(Items listed in a dataset)

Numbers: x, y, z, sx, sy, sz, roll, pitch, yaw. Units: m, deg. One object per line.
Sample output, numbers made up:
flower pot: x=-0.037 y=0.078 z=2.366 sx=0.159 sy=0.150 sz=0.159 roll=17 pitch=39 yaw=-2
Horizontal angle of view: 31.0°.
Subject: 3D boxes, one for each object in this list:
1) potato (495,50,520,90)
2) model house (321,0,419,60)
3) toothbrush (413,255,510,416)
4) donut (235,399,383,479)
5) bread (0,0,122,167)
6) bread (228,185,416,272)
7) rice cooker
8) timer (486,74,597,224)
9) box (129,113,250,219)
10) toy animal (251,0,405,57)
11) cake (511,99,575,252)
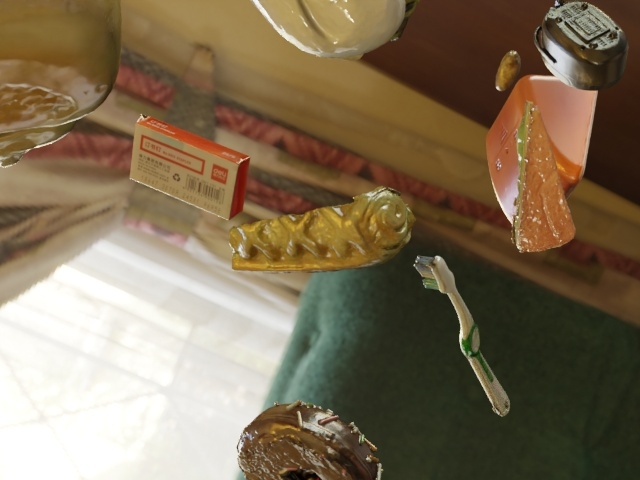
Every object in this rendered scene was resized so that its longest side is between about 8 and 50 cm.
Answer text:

...

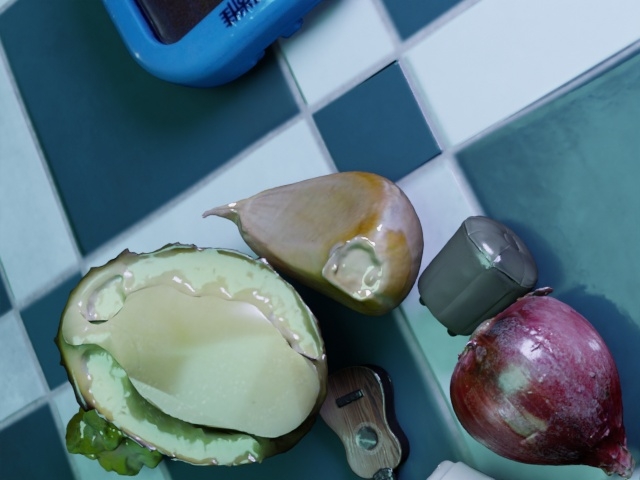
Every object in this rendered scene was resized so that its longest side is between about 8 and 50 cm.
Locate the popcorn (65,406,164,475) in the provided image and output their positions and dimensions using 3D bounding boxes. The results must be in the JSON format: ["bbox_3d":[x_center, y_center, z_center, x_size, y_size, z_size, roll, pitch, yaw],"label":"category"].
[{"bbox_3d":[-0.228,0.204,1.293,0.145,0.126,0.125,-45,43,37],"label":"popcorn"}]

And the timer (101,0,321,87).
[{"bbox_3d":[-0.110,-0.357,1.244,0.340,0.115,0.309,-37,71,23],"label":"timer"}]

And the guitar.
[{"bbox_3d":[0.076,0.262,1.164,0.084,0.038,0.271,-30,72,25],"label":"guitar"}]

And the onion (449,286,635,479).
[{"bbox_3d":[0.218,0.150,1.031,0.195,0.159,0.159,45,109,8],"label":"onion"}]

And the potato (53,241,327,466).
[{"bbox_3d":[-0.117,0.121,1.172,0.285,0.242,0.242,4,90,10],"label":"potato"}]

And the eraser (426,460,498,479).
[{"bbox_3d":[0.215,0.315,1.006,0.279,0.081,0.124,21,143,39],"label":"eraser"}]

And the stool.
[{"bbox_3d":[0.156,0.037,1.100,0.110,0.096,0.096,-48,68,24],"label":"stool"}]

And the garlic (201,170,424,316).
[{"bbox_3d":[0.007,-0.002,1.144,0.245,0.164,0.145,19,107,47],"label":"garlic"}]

* * *

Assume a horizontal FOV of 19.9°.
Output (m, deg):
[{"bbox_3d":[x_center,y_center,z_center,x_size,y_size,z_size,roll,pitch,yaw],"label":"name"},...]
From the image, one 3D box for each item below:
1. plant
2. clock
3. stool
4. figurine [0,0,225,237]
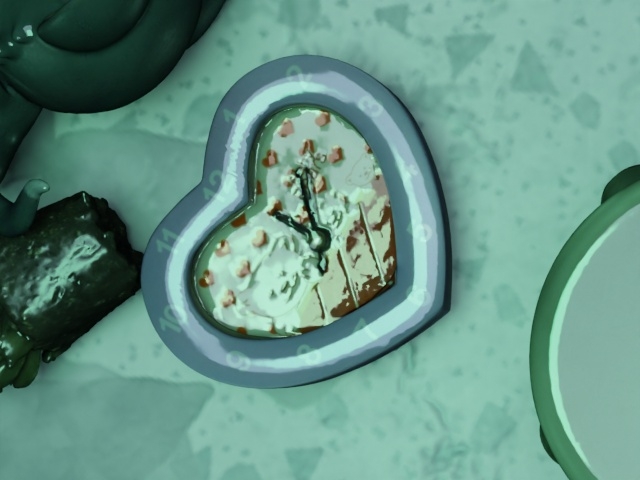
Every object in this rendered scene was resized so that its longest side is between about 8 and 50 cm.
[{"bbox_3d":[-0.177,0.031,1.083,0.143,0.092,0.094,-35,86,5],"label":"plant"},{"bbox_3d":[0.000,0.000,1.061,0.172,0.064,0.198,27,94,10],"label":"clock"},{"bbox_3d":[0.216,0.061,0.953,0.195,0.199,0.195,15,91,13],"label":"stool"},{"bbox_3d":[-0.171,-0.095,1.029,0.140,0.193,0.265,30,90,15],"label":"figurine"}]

**EXERCISE INSTRUCTIONS**
What this exercise asks for is every line of the data above with the word "each".

**PROBLEM SOLUTION**
Subject: 3D boxes, one for each object in this list:
From the image, one 3D box for each item below:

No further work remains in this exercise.